N.W.T. peatlands store 24 billion tonnes of carbon and are worth protecting, experts say

CBC
Monday, December 06, 2021 02:36:32 PM UTC

Our planet is changing. So is our journalism. This story is the second in a series, by CBC North, that examines carbon storage with the N.W.T.'s natural environment. It's also part of a CBC News initiative entitled Our Changing Planet to show and explain the effects of climate change and what is being done about it.

The N.W.T. is home to nearly one-fifth of Canada's peatlands, according to a researcher who says they're an asset worth protecting in the fight against climate change because of their capacity to store carbon. 

Lorna Harris, a postdoctoral fellow and ecosystem scientist at the University of Alberta, said peatlands cover about 230,000 square kilometres of land in the N.W.T., and they store 24 billion tonnes of carbon.

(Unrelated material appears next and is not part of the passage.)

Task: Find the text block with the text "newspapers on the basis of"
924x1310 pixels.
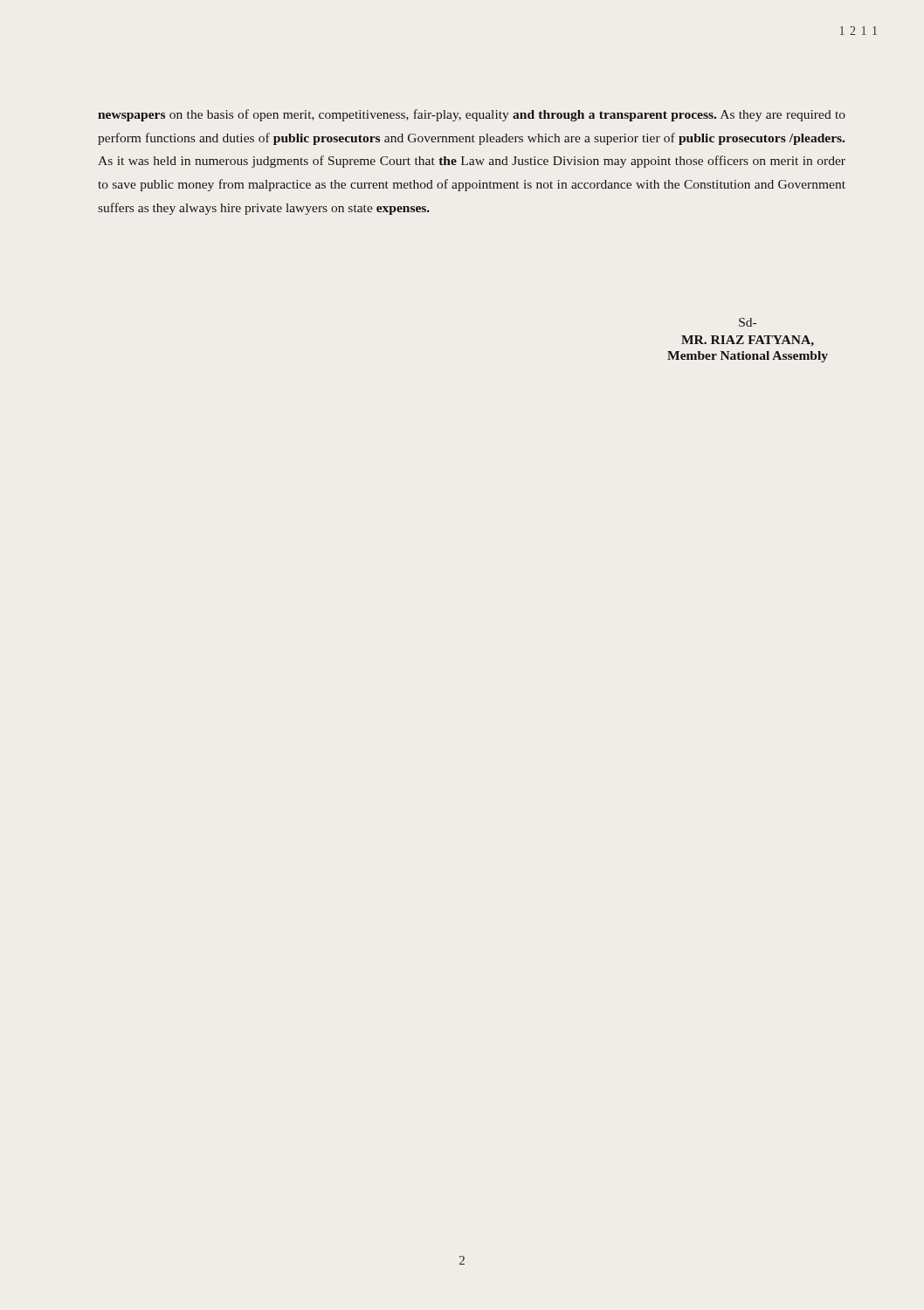Action: (472, 161)

That's the carbon equivalent of using nearly 200 billion barrels of oil.

"It is a large portion in the N.W.T., relative to some other provinces," she said, noting that the Mackenzie River basin, stretching from northern Alberta to the N.W.T., is the second largest expanse of peatland in Canada next to the Hudson Bay Lowlands. 

Peatlands are wetland ecosystems filled with organic matter that has collected over thousands of years. They are a type of carbon sink, because through the decaying process, that matter deposits carbon into the surrounding soil and peat, rather than releasing it into the atmosphere.

Peatlands cover swaths of temperate, boreal and subarctic regions and can be found in forests and in permafrost too.

A World Wildlife Fund-Canada (WWF) study unveiled at the Conference of the Parties (COP26) said Canada stores more than a quarter of the world's soil carbon, and suggests keeping that carbon in the ground — so it doesn't further exacerbates global warming — is key to the country's climate efforts. 

Harris, the lead author of a separate study published recently in Frontiers in Ecology and the Environment, concludes the biggest threats to northern peatlands are human activities like mining, logging and agriculture, as well as wildfire and permafrost thaw. 

Steven Nitah, a senior advisor to the Indigenous Leadership Initiative and one of lead negotiators in the establishment of the Thaidene Nëné Indigenous Protected Area, said parts of the N.W.T., like its peatlands, are "globally significant" and "provide a nature service that's definitely required to give us a fighting chance" in the face of climate change. 

He said the first thing that needs to be done is to identify those important areas and to work across levels of government — Indigenous, territorial and federal — to protect and manage them. 

The federal government has committed to protecting or conserving 25 per cent of Canada's land by 2025 and working toward protecting 30 per cent by 2030, as part of the country's efforts to fight climate change and defend vulnerable species and ecosystems. 

Nitah said Canada has protected about 15 per cent of its land so far. 

"To double that protection, they [the federal government] need to conserve or protect the quantum land roughly the size of Manitoba," he said, pointing out an opportunity for the N.W.T. to advocate that its lands be protected. 

Nitah said the N.W.T. can continue to demonstrate itself as a leader in Indigenous land protection and management by identifying the right areas for protection as the federal government works toward that goal.